Karena Shine sudah tidak memiliki keluarga, jadi Dara yang menjadi walinya. Bagaimana pun Shine dan anggota GOD sudah di anggap saudara oleh istrinya itu.
"Jangan sampe bentrok sama hari H gue, masa iya nanti lu belah diri buat hadirin pestanya yang gue yakin perta mereka di kota S" ucap Rafael
"Kayanya duluan Shine dan Bara, mereka kemungkinan nikah awal bulan" ucap Kai
"Syukurlah... Gue di tanggal tengah" ucap Rafael lega.
"Kai, emang ipar kamu yang lain udah kasih izin buat di langkahi?" tanya Nathan
"Mau gimana lagi" ucap Kai mengangkat kedua bahunya.

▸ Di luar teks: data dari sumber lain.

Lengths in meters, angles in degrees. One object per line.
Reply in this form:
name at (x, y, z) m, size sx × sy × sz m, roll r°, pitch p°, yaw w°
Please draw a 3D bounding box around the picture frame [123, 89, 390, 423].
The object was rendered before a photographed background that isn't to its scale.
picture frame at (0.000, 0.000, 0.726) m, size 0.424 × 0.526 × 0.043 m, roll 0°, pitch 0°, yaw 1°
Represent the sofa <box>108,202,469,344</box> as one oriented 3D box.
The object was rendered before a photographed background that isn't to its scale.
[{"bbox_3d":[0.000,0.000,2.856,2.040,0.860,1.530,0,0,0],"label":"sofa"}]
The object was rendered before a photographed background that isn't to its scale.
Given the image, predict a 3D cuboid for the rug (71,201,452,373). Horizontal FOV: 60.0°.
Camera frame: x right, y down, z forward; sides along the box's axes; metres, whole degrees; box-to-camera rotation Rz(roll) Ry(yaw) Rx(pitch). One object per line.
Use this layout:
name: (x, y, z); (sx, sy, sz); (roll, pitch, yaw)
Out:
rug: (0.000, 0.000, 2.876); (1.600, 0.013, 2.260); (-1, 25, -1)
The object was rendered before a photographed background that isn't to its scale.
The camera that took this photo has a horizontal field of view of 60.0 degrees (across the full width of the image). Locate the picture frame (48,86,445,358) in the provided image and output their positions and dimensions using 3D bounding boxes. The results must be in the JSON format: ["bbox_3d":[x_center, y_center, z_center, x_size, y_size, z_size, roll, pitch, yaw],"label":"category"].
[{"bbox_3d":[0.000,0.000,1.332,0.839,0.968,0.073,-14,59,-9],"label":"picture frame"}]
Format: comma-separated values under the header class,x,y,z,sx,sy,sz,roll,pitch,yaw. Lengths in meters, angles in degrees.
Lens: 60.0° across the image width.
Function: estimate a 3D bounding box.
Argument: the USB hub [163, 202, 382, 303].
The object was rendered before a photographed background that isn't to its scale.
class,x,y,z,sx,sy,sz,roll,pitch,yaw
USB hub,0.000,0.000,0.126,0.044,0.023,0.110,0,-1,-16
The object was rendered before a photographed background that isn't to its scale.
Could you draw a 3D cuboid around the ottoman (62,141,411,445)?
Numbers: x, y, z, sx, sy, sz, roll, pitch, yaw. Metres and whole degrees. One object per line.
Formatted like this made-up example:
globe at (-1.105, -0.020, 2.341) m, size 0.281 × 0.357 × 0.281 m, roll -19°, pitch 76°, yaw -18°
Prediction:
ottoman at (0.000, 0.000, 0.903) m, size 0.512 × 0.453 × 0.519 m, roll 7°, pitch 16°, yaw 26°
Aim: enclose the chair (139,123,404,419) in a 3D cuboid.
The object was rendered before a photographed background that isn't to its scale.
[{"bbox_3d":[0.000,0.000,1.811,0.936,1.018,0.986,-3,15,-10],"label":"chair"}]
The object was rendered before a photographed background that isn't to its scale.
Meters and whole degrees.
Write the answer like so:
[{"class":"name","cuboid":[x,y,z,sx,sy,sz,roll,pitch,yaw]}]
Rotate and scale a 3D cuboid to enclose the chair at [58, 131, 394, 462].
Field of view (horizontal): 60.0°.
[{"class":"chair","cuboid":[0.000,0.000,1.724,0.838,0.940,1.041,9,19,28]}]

Memang benar, beberapa waktu lalu terjadi perdebatan antara Bara dan kedua kakaknya. Bagaimana pun mereka tidak ingin di langkahi, namun yang satu tidak punya kekasih yang satu lagi pacarnya belum siap menikah.
Dan di sini yang bertindak adalah kakek Gusti, ia memutuskan untuk mengizinkan Bara menikah lebih dulu. Lagian sebelum pernikahan nanti, mereka akan adakan acara wisuda dulu buat Bara yang baru lulus S1 nya.
...•••••••...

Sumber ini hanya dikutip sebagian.